Karinka 💕💞😇: Mam nadzieję, że się spotkamy

Karinka 💕💞😇: Brakuje mi ciebie

Maruś 💕💞😇: Wiesz musimy porozmawiać

Karinka 💕💞😇: O co choodzi misiaczku?

Maruś 💕💞😇: Zobaczysz

Maruś 💕💞😇: Spotkajmy się dzisiaj w parku o 15:00

Maruś 💕💞😇: Okay?

Karinka 💕💞😇: Noo okay...

Cholera! Muszę z nią zerwać! Nienawidzę tej suki! Zdradza mnie na każdym kroku i myśli, że ja tego nie widzę! No ale trzeba się już zbierać, bo mam się z nią spotkać za dwie godziny.

-- Łukasz! -- zawołałem do chłopaka, który aktualnie był już wyszykowany jakby zaraz miał iść na jakieś spotkanie i siedział w mojej kuchni jedząc śniadanie.

-- Coo!? -- odkrzyknął z dołu.

-- O piętnastej wychodzę! -- odpowiedziałem.

-- Okaay!!! -- odkrzyknął.

Nic więcej nie mówiliśmy. Poszedłem do szafy i wziąłem z niej pierwsze lepsze ubrania. Później udałem się do łazienki, wziąłem szybki prysznic, przebrałem się, ułożyłem włosy tak jak zwykle i poszedłem na śniadanie. Gdy zjadłem musiałem już wychodzić, więc pobiegłem w stronę  drzwi.

-- Pa!!! -- zawołałem tylko do Łukasza wychodząc.

-- Pa! -- usłyszałem zamykając drzwi.

time skip

Po jakichś 30 minutach byłem w parku. Z daleka zauważyłem brunetkę siedzącą na ławce, która gdy mnie zobaczyła od razu zaczęła podążać w moją stronę. Kiedy była już kilka kroków ode mnie rzuciła się na moją szyję. Nie odwzajemniłem jej gestu, wręcz przeciwnie, odepchnąłem ją.

-- O co ci chodzi!? -- zapytała dziewczyna.

-- Serio??? Nie rozumiesz!? Naprawdę jesteś taka tempa czy udajesz?!? -- odrzekłem zirytowany.

-- Czemu mnie obrażasz!? -- odpowiedziała.

-- Musimy zerwać!!! -- zignorowałem jej pytanie.

-- Ale, ale d-dlaczego..? Mareś? -- pytała.

-- Jesteś zwykłą szmatą! Zdradzasz mnie na każdym kroku!
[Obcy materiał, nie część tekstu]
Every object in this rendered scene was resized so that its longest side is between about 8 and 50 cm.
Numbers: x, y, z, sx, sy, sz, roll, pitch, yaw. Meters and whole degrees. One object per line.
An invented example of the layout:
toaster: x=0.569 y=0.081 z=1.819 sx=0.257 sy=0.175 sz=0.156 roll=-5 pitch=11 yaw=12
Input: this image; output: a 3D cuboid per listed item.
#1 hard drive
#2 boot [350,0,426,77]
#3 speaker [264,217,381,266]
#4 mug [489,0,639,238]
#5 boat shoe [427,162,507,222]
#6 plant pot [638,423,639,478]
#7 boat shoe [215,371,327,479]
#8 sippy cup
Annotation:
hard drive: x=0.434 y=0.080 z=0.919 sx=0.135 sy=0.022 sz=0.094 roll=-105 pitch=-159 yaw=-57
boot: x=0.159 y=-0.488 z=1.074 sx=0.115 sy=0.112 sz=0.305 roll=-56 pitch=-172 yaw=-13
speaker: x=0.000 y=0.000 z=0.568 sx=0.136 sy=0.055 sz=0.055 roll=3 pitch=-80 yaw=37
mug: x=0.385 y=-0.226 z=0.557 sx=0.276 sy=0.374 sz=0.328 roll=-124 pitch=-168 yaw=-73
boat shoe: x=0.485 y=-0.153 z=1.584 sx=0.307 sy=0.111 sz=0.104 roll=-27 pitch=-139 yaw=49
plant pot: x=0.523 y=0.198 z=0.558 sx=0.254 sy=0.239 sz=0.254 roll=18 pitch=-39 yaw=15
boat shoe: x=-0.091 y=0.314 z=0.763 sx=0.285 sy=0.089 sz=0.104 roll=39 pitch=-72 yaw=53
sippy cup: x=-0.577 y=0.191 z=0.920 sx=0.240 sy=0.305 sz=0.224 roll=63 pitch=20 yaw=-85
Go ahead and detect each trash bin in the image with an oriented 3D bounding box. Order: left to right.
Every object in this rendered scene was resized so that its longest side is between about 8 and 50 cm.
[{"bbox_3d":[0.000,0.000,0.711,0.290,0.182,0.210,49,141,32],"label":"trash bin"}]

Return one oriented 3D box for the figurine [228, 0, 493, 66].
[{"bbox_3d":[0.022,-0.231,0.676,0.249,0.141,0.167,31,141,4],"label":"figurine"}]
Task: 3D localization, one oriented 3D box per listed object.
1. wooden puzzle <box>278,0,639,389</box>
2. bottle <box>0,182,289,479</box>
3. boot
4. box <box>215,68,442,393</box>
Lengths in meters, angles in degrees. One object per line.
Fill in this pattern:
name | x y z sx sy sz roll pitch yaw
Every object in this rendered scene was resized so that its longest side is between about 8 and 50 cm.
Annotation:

Myślisz, że jestem taki gupi i tego nie widzę!? -- wykrzyczałem jej  prosto w ten gupi ryj!

-- Ale ja... -- zaczęła się zastanawiać co powiedzieć -- ja nie chciałam! Ja kocham tylko ciebie! Kotku!

-- Nie wiem kogo ty próbujesz oszukać, mnie czy siebie!? -- odpowiedziałem mocno wkurwiony.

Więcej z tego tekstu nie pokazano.